Jedyne co Ci pozostaje po takim jedzeniu to trchę więcej poćwiczyć. No bo cu tu innego wymyślić??? Ja nie widzę innego rozwiązania. A po drugie, przecież nie jedziesz na Mazury żeby jeść tylko żeby odpocząć i nabrać sił na następny rok, prawda? I tego się trzymaj!!!
-
Milasku, jak samopoczucie w czwartkowy poranek?
Ja juz nie moge doczekac sie piatku Zaczynam swój wyczekiwany urlop i bede sie relaksowac az do 16 sierpnia.
Hurra!!!
-
Milasku, mam podobnie. Wyjeżdżam co prawda tylko na trzy dni, ale pod namiot z knajpianym jedzeniem jako alternatywa. Planuję wziąć sporo warzyw, Wasę, jakieś serki light itd. Na obiad ugotuję sobie jakąś zupkę, a tak to będę się napychać kanapkami, płatkami i owocami.

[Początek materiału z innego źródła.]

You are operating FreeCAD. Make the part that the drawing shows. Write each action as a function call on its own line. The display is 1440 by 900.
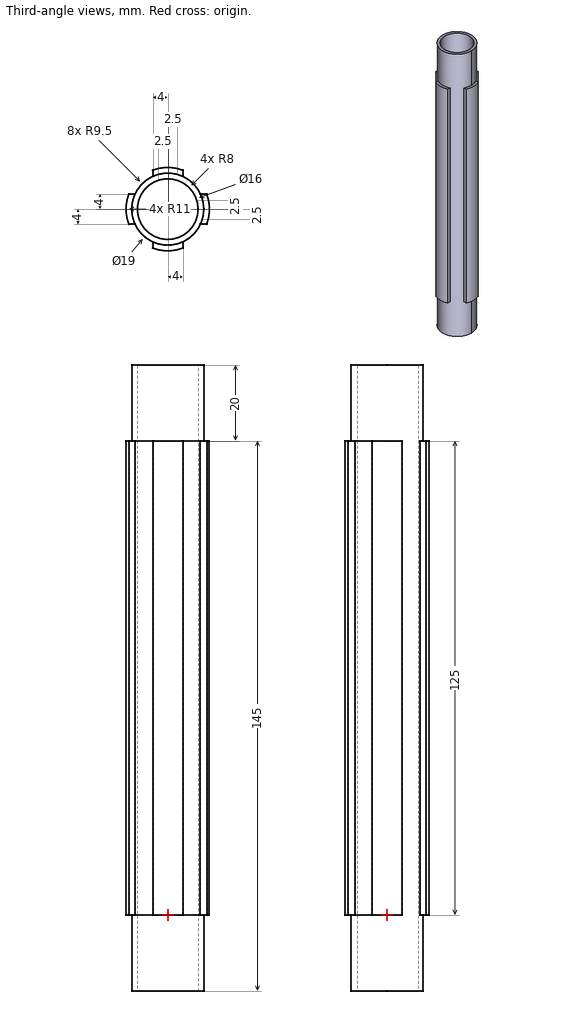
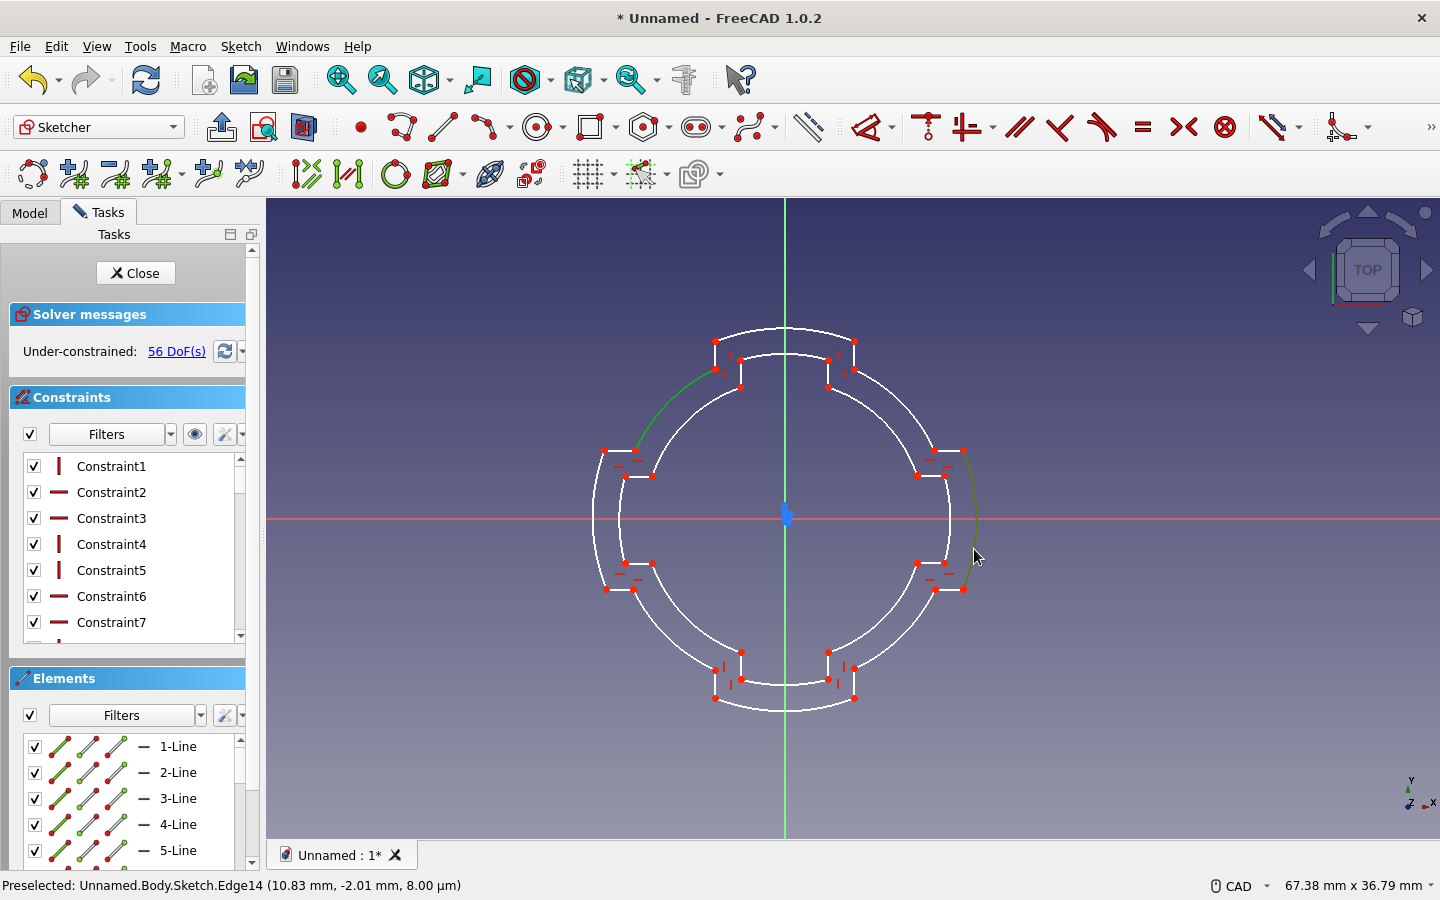
click(926, 128)

Betsabe. Urlop aż do 16 sierpnia? Ależ fantastycznie! Idealny czas.
-
Hej Kochane!
Tak sobie wczoraj siadłam i pomyślałam, że jak tak z dnia na dzień przeskoczę z SB na normalne jedzenie i to jeszcze na Mazurach,
to może sie to nieciekawie skączyć:
albo jakimiś rewelacjani zołądkowymi,
albo ogólnym obżarswem,
albo jednym i drugim.
I aby temu zapobieć postanowiłam sobie, że przerzucę się na te 2 tyg na tysiączka.
I tak też wczoraj zrobiłam z tym, że wczoraj było grzecznie i w tysiączku się na pewno zamknełam.

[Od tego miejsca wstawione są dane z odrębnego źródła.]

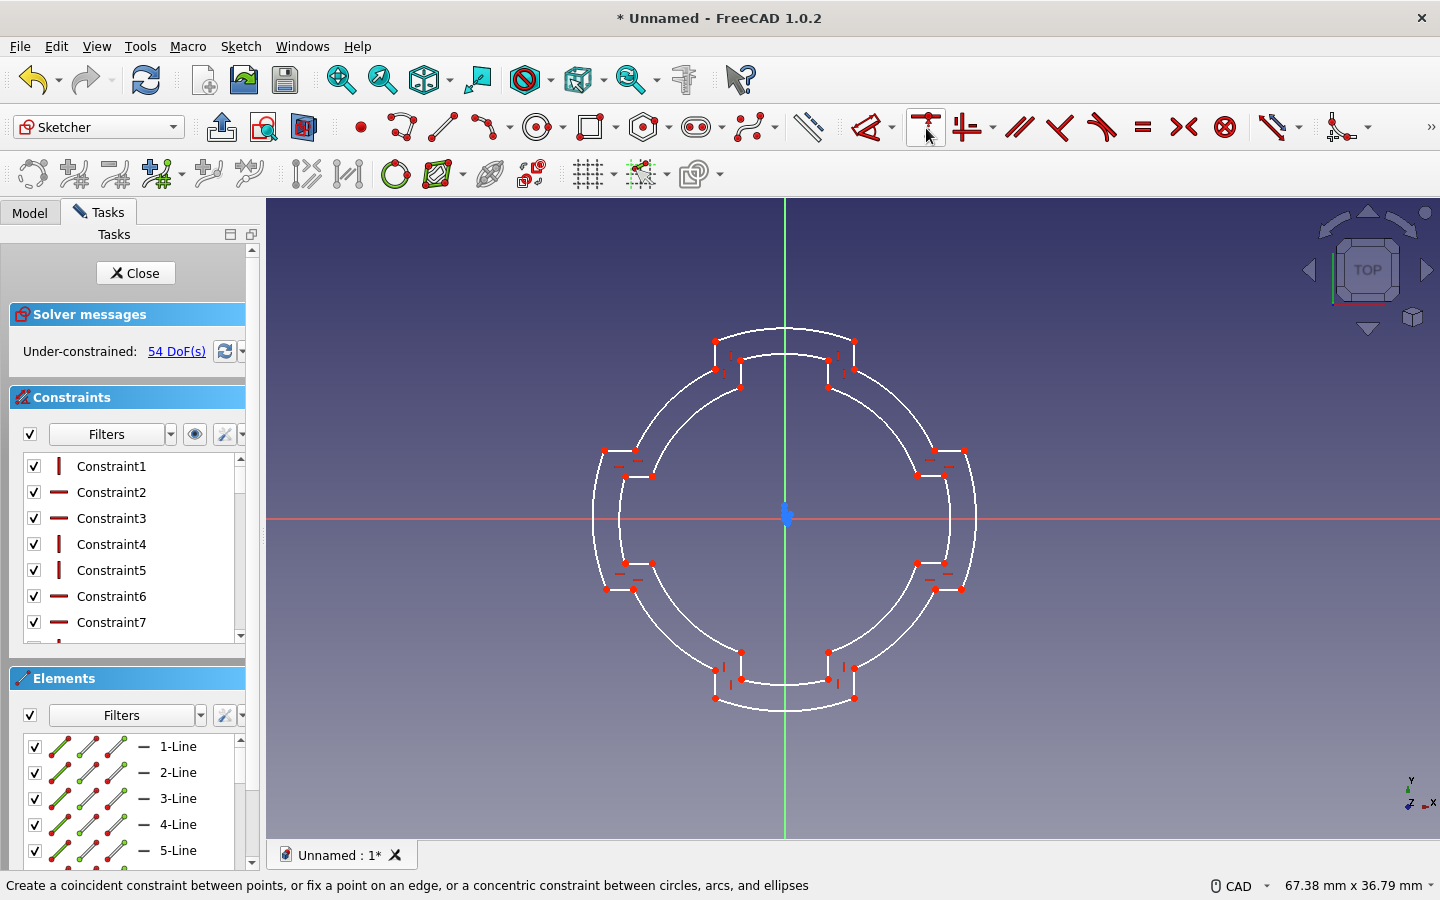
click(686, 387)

Za to dziś miałąm napad obżarstwa, ale spokojnie udało się go pokonać. A polegał na tym, że kierowniczka imieniny urządziła i zjadłam:
4 ptasie mleczka
6 cukierków
i po tym zaczełam się kontrolować, bo mnie ochota straszna na napchanie się cukierkami napadła, ale nie dałam sie jej tak więc sukces połowiczny.
A poza tym był tak:
2 x mała grahamka z sałatą i pomidorem
kawa
15 winogronek
muesli z mlekiem 0.5%
Meteorku: problem jest i to rzeczywiście niezły, ale tylko ode mnie zależy co z tą sytuacją zrobię. A głównie chodzi o to aby myśleć, myśleć i jeszcze raz myśleć: czy warto dla paru sekund przyjemności
Agape:chętnie bym się poruszała, ale niestety na takiej łódce są może w sumie ze cztery metry kwadratowe mocno zagospogarowane i jeszcze 5 osób; ale po Mazurach prosto jade w góry i tam się poruszam za całe 2 tygodnie
Betsabe:Kurcze ja też! jeszcze tylk jutrzejsze osiem godzin w pracy i laba
będę próbowała przekonać jutro kierownice, że potrzebuję urlopu do 18 (normalnie powinna 16 już wrócić do pracusi kochanej :P ), takze trzymajcie kciuki!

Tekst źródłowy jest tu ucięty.